India's tradition of state-led afforestation drives dates to 1950, when Van Mahotsav — the annual tree-planting festival — was launched by K. M. Munshi to build public awareness around forest cover. Successive governments have since institutionalised such efforts: the National Mission for a Green India, approved in 2014 under the National Action Plan on Climate Change, set formal targets for expanding and restoring forest cover as part of India's climate commitments.

Indian ministers performing symbolic tree plantings is a well-established practice, intended to model public participation and draw attention to national carbon-sequestration goals.

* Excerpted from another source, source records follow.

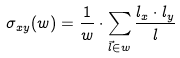Convert formula to latex. <formula><loc_0><loc_0><loc_500><loc_500>\sigma _ { x y } ( w ) = \frac { 1 } { w } \cdot \sum _ { \vec { l } \in w } \frac { l _ { x } \cdot l _ { y } } { l }</formula> 
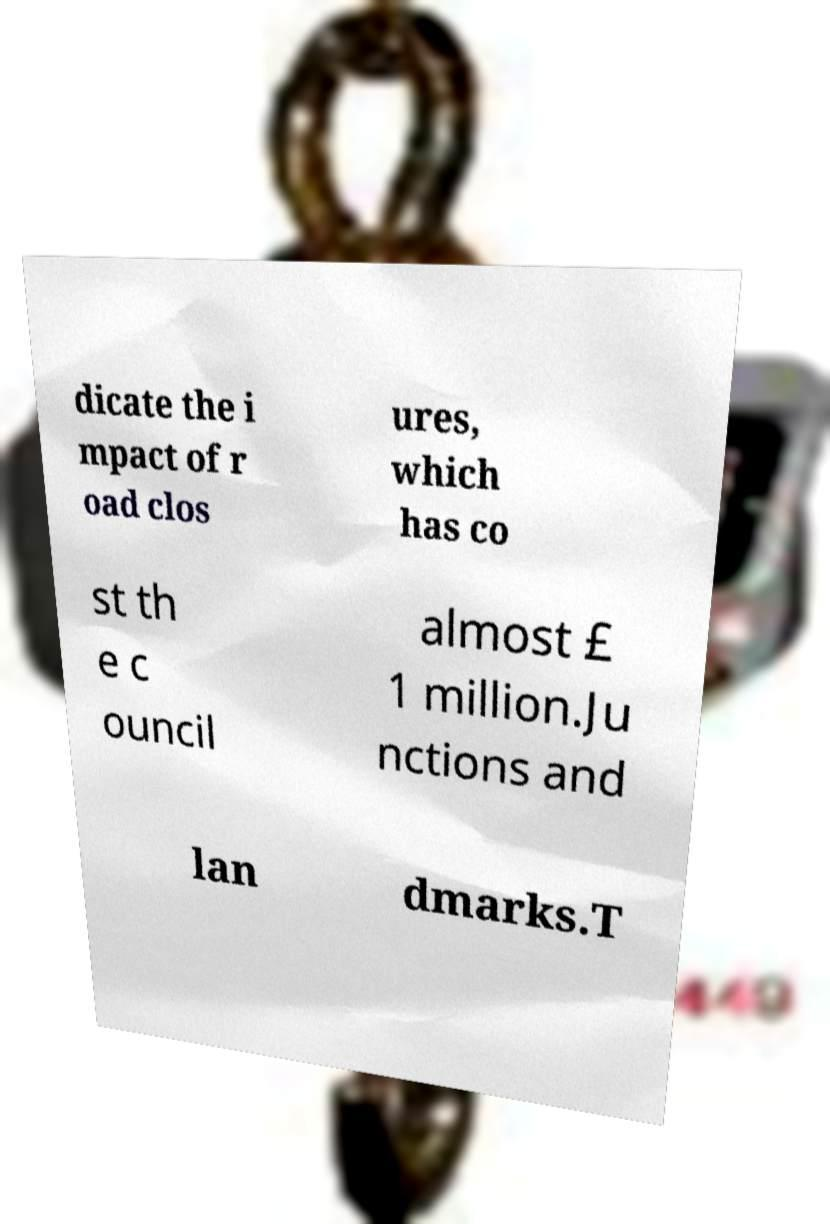I need the written content from this picture converted into text. Can you do that? dicate the i mpact of r oad clos ures, which has co st th e c ouncil almost £ 1 million.Ju nctions and lan dmarks.T 
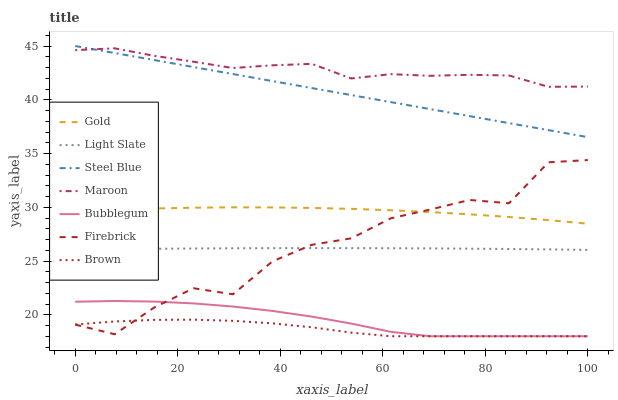Does Brown have the minimum area under the curve?
Answer yes or no. Yes. Does Maroon have the maximum area under the curve?
Answer yes or no. Yes. Does Gold have the minimum area under the curve?
Answer yes or no. No. Does Gold have the maximum area under the curve?
Answer yes or no. No. Is Steel Blue the smoothest?
Answer yes or no. Yes. Is Firebrick the roughest?
Answer yes or no. Yes. Is Gold the smoothest?
Answer yes or no. No. Is Gold the roughest?
Answer yes or no. No. Does Gold have the lowest value?
Answer yes or no. No. Does Gold have the highest value?
Answer yes or no. No. Is Bubblegum less than Steel Blue?
Answer yes or no. Yes. Is Steel Blue greater than Firebrick?
Answer yes or no. Yes. Does Bubblegum intersect Steel Blue?
Answer yes or no. No.

Chouhan's daily-planting pledge follows this tradition while adding a participatory, technology-light layer through the missed-call mechanism.

Stakeholders and Impact

The initiative is aimed at urban citizens and environmental volunteers who can register support with a single missed call — a format designed to reach users on basic mobile phones without data access. If the drive gains traction, it could feed into existing urban greening programmes such as the Nagar Van Yojana, which promotes the creation of urban forests across Indian cities.

As a former four-term Chief Minister of Madhya Pradesh, Chouhan has a record of mobilising large-scale public campaigns in that state. His current ministerial portfolio — covering agriculture, farmers' welfare, and rural development — gives the call a natural constituency among farming communities, for whom tree cover has direct implications for soil health and microclimate stability.

What's Next

The monsoon season, which typically arrives in central and northern India between June and July, represents the primary planting window when soil conditions favour sapling survival. Any broader rollout of the Shiv Vriksh Mitra network would most effectively align with this window to maximise impact.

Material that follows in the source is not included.